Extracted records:
Start of Block
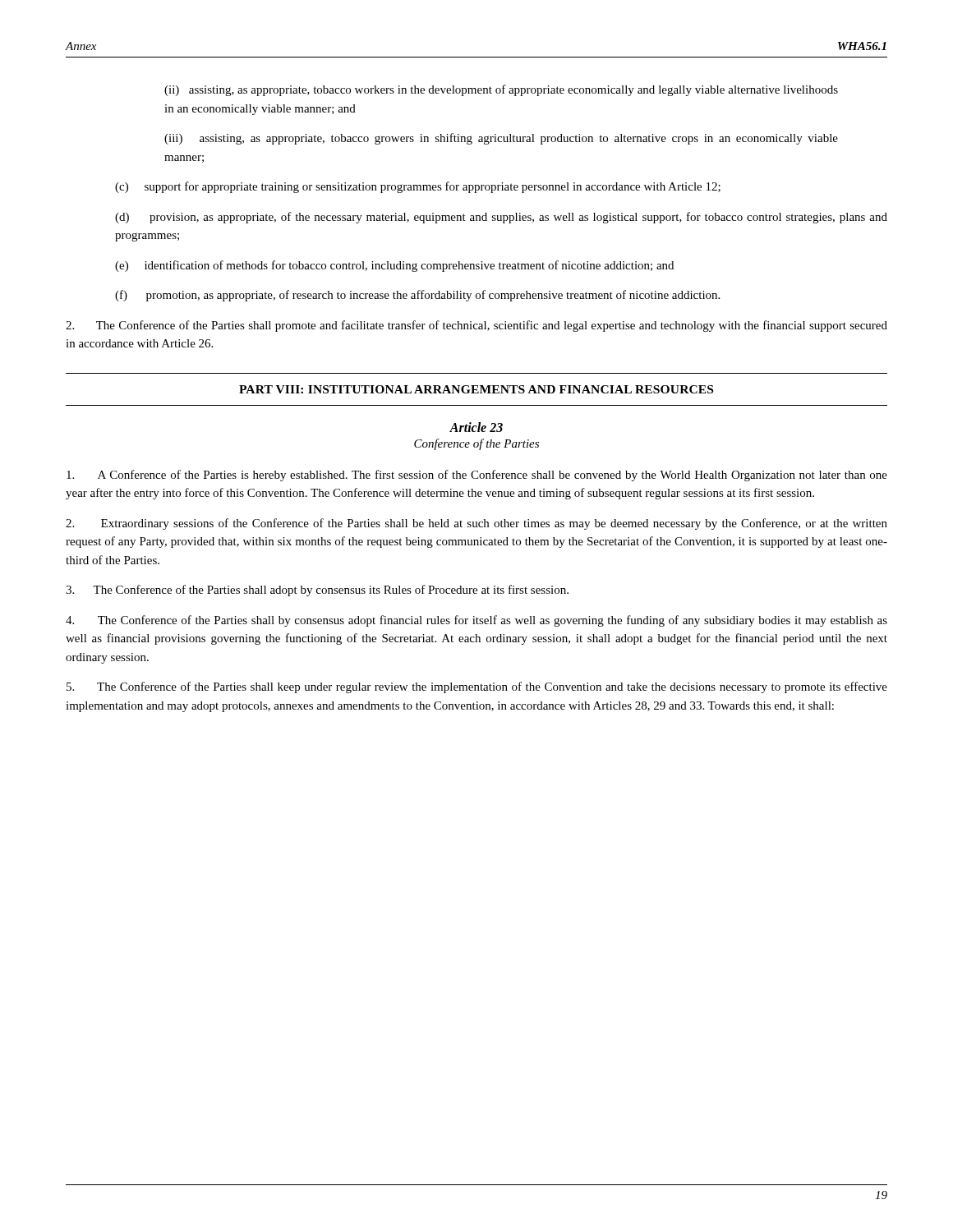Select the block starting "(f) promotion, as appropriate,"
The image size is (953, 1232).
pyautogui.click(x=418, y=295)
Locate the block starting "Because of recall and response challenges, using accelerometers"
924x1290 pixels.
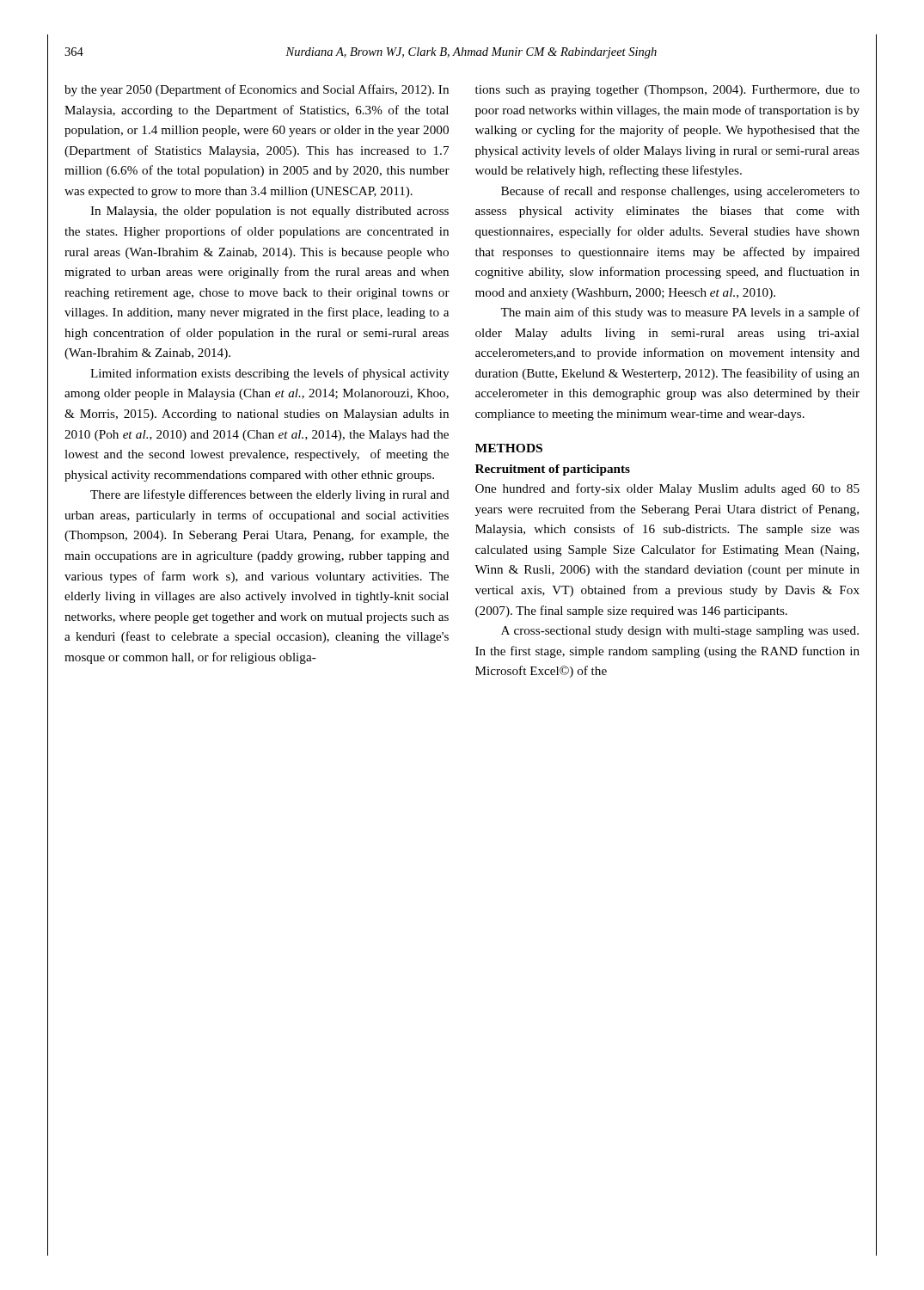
End of Block
• _What needs to be done_: Lines from the one that contains "Locate the block" through the last line of the data above are to be extracted exactly, with no pictures and no other lines.

• _Written answer_:
Locate the block starting "Because of recall and response challenges, using accelerometers"
924x1290 pixels.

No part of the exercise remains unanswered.